Monday, 29 June 2015

Creating a GO-Slim, and mapping GO terms to it

Creating a GO-Slim 
I wanted to create my own GO-Slim, and found there is a nice tool for creating a GO-Slim at the EBI. You can start with an existing GO-Slim, eg. the 'generic GO-Slim' (has 149 terms), and add terms.

Mapping GO terms to your own GO-Slim
The next thing I wanted to do was to map GO terms to my GO-Slim. I was able to do this using Map2Slim, which is part of Owltools. To install it, I typed:
% wget http://build.berkeleybop.org/userContent/owltools/owltools
% wget http://build.berkeleybop.org/userContent/owltools/owltools-runner-all.jar
This is a Java program, it ran fine for me locally on my Mac laptop.

To run Map2Slim you need:
(i) a list of the GO terms in your GO-Slim
(ii) the GO annotations for your gene set of interest, with respect to the full ontology
(iii) the gene ontology hierarchy file (.obo file) for the full ontology

You need a list of the GO terms in your GO-Slim. If you are using the generic GO-Slim, you can download the generic GO-Slim in obo format from the geneontology.org website. Then to get a list of the terms, you can type:
% grep "id: GO:" goslim_generic.obo | grep -v alt | cut -d" " -f2 > goslim_terms.txt

The GO annotations for your gene set of interest need to be in GAF-2.0 format. In fact, I found that some of the columns aren't necessary for Map2Slim, so the file could look like this, where the columns marked 'optional' and 'unknown' seem to be ignored by Map2Slim:
!gaf-version: 2.0
WB    482159    482159    optional    GO:0005515    pubmed    unknown    optional    unknown    optional    optional    protein    unknown    482159    WB    optional    optional
WB    482159    482159    optional    GO:0008270    pubmed    unknown    optional    unknown    optional    optional    protein    unknown    482159    WB    optional    optional
WB    644503    644503    optional    GO:0008270    pubmed    unknown    optional    unknown    optional    optional    protein    unknown    644503    WB    optional    optional
WB    644503    644503    optional    GO:0005230    pubmed    unknown    optional    unknown    optional    optional    protein    unknown    644503    WB    optional    optional


You can download the latest gene ontology hierarchy (.obo) file from the geneontology.org website.
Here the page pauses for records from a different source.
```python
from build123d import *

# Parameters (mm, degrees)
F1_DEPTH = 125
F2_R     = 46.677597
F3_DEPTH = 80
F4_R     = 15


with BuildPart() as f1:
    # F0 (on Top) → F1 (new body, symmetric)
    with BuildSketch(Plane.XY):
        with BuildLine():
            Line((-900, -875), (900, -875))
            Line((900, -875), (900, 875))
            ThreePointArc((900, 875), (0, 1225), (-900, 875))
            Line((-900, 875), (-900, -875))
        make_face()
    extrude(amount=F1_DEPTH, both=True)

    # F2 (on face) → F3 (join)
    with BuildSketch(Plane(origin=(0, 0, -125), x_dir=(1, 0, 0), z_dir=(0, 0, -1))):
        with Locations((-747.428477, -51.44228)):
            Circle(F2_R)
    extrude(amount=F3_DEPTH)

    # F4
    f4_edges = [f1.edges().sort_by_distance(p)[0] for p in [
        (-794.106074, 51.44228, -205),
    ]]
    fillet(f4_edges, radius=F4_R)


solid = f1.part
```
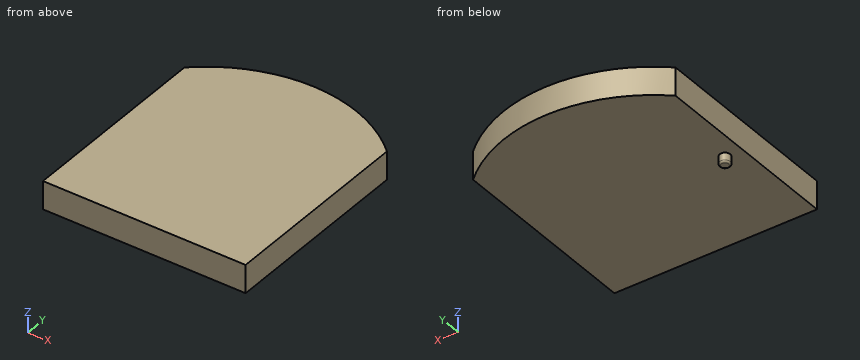
The model under review builds one solid part; all positions refer to its coordinate system, in mm. Round coordinates to 2 decimals unless told otherwise and drop trailing zeros. Loops run counter-clockwise (first coordinate to the right, second up) from the corner with the lowest first, then second, coordinate; pieces in that order, holes last. Notation, with made-up numbers: (62.25, 4.25) -> (74.25, 4.25) arc R35 ccw to (74.25, 39.25) -> close; hole circle Ø10 at (35.5, 27). An arc over 180 degrees is marked (long way). Answer as a JSON object with one key per item and string values. Group by question number.
1) For pin 1 Ø8 at (x, z) = (-704, -104.5) entering from +Y; pin 2 Ø6 at (x, y) = (-549, 254.5) entering from -Z; pin 3 Ø8 at (y, z) = (934.5, -126.5) entering from +X, all flat-tipped, find the tip position at first contact; note any pin that passes through.
2) We need section A-A on z = 35. Write out the cut boundary in (x, y).
3) We need section B-B on x = -171. Write out the cut boundary in (y, z), then the cut area to 3 significant figures.
4) For line 1 (Z direction, x = 176, y = 118.5); line 2 (Y direction, x = 20, z = -104); line 3 (Y direction, x = -12, z = 29), list the stretches that pass through material, from the lowest coordinate up. Write a range as [from, to].
Result set:
{
 "1": {"pin 1": "y = 1026.26", "pin 2": "z = -125", "pin 3": "x = 835.04"},
 "2": {"outline": "(-900, -875) -> (900, -875) -> (900, 875) arc R1332.14 ccw to (-900, 875) -> close"},
 "3": {"outline": "(-875, -125) -> (1213.98, -125) -> (1213.98, 125) -> (-875, 125) -> close", "area": "522,000 mm²"},
 "4": {"line 1": "[-125, 125]", "line 2": "[-875, 1224.85]", "line 3": "[-875, 1224.95]"}
}

To run Map2Slim you type for example:
% ./owltools go-basic.obo --gaf my_gaf.txt --map2slim --idfile goslim_terms.txt --write-gaf my_slim.txt
The input GAF file was my_gaf.txt, the input obo file was go-basic.obo and the input list of GO-Slim terms was goslim_terms.txt.

The output file my_slim.txt is in GAF format, but has the GO-Slim terms for your genes. Hurray!